Task: Output the data verbatim, with nothing added or dropped.

Input records Start Marker

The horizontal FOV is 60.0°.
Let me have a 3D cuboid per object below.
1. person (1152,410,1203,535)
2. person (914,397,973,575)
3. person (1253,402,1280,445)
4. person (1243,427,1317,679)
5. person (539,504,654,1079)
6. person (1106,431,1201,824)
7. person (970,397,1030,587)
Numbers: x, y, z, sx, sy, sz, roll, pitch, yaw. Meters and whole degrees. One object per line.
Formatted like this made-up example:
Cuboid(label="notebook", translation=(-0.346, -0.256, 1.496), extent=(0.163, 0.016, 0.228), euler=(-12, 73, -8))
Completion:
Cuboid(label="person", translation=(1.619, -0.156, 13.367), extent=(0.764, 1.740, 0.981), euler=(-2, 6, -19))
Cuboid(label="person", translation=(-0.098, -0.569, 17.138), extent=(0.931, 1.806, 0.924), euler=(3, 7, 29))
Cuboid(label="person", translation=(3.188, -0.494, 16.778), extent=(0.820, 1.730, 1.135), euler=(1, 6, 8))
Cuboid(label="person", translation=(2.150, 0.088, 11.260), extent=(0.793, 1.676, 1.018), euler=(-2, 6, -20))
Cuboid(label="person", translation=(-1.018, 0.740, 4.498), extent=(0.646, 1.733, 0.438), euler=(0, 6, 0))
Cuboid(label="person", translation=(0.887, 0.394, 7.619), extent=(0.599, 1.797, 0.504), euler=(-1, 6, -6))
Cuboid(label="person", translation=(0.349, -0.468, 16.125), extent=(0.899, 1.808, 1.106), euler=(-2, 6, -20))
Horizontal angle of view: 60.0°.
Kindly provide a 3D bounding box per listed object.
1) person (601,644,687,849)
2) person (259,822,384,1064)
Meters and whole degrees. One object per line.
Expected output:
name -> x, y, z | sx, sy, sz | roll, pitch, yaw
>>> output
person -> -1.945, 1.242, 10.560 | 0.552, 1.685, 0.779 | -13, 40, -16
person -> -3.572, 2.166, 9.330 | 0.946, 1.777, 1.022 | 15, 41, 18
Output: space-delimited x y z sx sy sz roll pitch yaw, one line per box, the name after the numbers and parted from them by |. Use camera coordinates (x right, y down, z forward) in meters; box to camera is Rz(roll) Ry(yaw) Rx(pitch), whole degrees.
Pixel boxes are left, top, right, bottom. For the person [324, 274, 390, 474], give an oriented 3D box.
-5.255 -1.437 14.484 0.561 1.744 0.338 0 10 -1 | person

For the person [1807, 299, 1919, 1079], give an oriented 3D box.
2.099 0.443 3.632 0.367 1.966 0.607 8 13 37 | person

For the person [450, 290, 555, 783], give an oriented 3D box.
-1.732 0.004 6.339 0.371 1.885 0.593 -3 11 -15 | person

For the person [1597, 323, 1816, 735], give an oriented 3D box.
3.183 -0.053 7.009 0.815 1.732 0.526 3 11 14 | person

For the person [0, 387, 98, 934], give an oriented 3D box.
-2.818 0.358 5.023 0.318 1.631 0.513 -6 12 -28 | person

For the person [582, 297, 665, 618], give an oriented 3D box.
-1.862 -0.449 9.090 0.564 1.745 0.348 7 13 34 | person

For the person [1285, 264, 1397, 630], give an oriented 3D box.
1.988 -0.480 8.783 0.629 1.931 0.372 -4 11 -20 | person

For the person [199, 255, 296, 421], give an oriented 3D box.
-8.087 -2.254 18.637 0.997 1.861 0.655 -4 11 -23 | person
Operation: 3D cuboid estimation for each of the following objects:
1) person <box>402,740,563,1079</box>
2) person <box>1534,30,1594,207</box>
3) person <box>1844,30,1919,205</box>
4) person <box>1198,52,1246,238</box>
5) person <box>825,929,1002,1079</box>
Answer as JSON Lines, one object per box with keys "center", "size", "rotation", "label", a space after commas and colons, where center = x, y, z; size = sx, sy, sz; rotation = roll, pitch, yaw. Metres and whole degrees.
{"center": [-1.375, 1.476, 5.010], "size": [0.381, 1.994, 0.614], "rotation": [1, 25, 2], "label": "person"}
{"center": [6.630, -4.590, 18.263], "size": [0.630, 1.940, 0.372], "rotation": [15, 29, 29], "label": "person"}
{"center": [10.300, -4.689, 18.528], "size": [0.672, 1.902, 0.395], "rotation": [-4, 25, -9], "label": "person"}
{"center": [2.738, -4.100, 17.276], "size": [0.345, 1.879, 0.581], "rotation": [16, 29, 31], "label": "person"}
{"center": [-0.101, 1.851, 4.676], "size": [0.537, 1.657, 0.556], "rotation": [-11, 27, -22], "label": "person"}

Input records End Marker

Answer for the task:
The horizontal FOV is 60.0°.
Let me have a 3D cuboid per object below.
1. person (1152,410,1203,535)
2. person (914,397,973,575)
3. person (1253,402,1280,445)
4. person (1243,427,1317,679)
5. person (539,504,654,1079)
6. person (1106,431,1201,824)
7. person (970,397,1030,587)
Numbers: x, y, z, sx, sy, sz, roll, pitch, yaw. Meters and whole degrees. One object per line.
Formatted like this made-up example:
Cuboid(label="notebook", translation=(-0.346, -0.256, 1.496), extent=(0.163, 0.016, 0.228), euler=(-12, 73, -8))
Completion:
Cuboid(label="person", translation=(1.619, -0.156, 13.367), extent=(0.764, 1.740, 0.981), euler=(-2, 6, -19))
Cuboid(label="person", translation=(-0.098, -0.569, 17.138), extent=(0.931, 1.806, 0.924), euler=(3, 7, 29))
Cuboid(label="person", translation=(3.188, -0.494, 16.778), extent=(0.820, 1.730, 1.135), euler=(1, 6, 8))
Cuboid(label="person", translation=(2.150, 0.088, 11.260), extent=(0.793, 1.676, 1.018), euler=(-2, 6, -20))
Cuboid(label="person", translation=(-1.018, 0.740, 4.498), extent=(0.646, 1.733, 0.438), euler=(0, 6, 0))
Cuboid(label="person", translation=(0.887, 0.394, 7.619), extent=(0.599, 1.797, 0.504), euler=(-1, 6, -6))
Cuboid(label="person", translation=(0.349, -0.468, 16.125), extent=(0.899, 1.808, 1.106), euler=(-2, 6, -20))
Horizontal angle of view: 60.0°.
Kindly provide a 3D bounding box per listed object.
1) person (601,644,687,849)
2) person (259,822,384,1064)
Meters and whole degrees. One object per line.
Expected output:
name -> x, y, z | sx, sy, sz | roll, pitch, yaw
>>> output
person -> -1.945, 1.242, 10.560 | 0.552, 1.685, 0.779 | -13, 40, -16
person -> -3.572, 2.166, 9.330 | 0.946, 1.777, 1.022 | 15, 41, 18
Output: space-delimited x y z sx sy sz roll pitch yaw, one line per box, the name after the numbers and parted from them by |. Use camera coordinates (x right, y down, z forward) in meters; box to camera is Rz(roll) Ry(yaw) Rx(pitch), whole degrees.
Pixel boxes are left, top, right, bottom. For the person [324, 274, 390, 474], give an oriented 3D box.
-5.255 -1.437 14.484 0.561 1.744 0.338 0 10 -1 | person

For the person [1807, 299, 1919, 1079], give an oriented 3D box.
2.099 0.443 3.632 0.367 1.966 0.607 8 13 37 | person

For the person [450, 290, 555, 783], give an oriented 3D box.
-1.732 0.004 6.339 0.371 1.885 0.593 -3 11 -15 | person

For the person [1597, 323, 1816, 735], give an oriented 3D box.
3.183 -0.053 7.009 0.815 1.732 0.526 3 11 14 | person

For the person [0, 387, 98, 934], give an oriented 3D box.
-2.818 0.358 5.023 0.318 1.631 0.513 -6 12 -28 | person

For the person [582, 297, 665, 618], give an oriented 3D box.
-1.862 -0.449 9.090 0.564 1.745 0.348 7 13 34 | person

For the person [1285, 264, 1397, 630], give an oriented 3D box.
1.988 -0.480 8.783 0.629 1.931 0.372 -4 11 -20 | person

For the person [199, 255, 296, 421], give an oriented 3D box.
-8.087 -2.254 18.637 0.997 1.861 0.655 -4 11 -23 | person
Operation: 3D cuboid estimation for each of the following objects:
1) person <box>402,740,563,1079</box>
2) person <box>1534,30,1594,207</box>
3) person <box>1844,30,1919,205</box>
4) person <box>1198,52,1246,238</box>
5) person <box>825,929,1002,1079</box>
Answer as JSON Lines, one object per box with keys "center", "size", "rotation", "label", a space after commas and colons, where center = x, y, z; size = sx, sy, sz; rotation = roll, pitch, yaw. Metres and whole degrees.
{"center": [-1.375, 1.476, 5.010], "size": [0.381, 1.994, 0.614], "rotation": [1, 25, 2], "label": "person"}
{"center": [6.630, -4.590, 18.263], "size": [0.630, 1.940, 0.372], "rotation": [15, 29, 29], "label": "person"}
{"center": [10.300, -4.689, 18.528], "size": [0.672, 1.902, 0.395], "rotation": [-4, 25, -9], "label": "person"}
{"center": [2.738, -4.100, 17.276], "size": [0.345, 1.879, 0.581], "rotation": [16, 29, 31], "label": "person"}
{"center": [-0.101, 1.851, 4.676], "size": [0.537, 1.657, 0.556], "rotation": [-11, 27, -22], "label": "person"}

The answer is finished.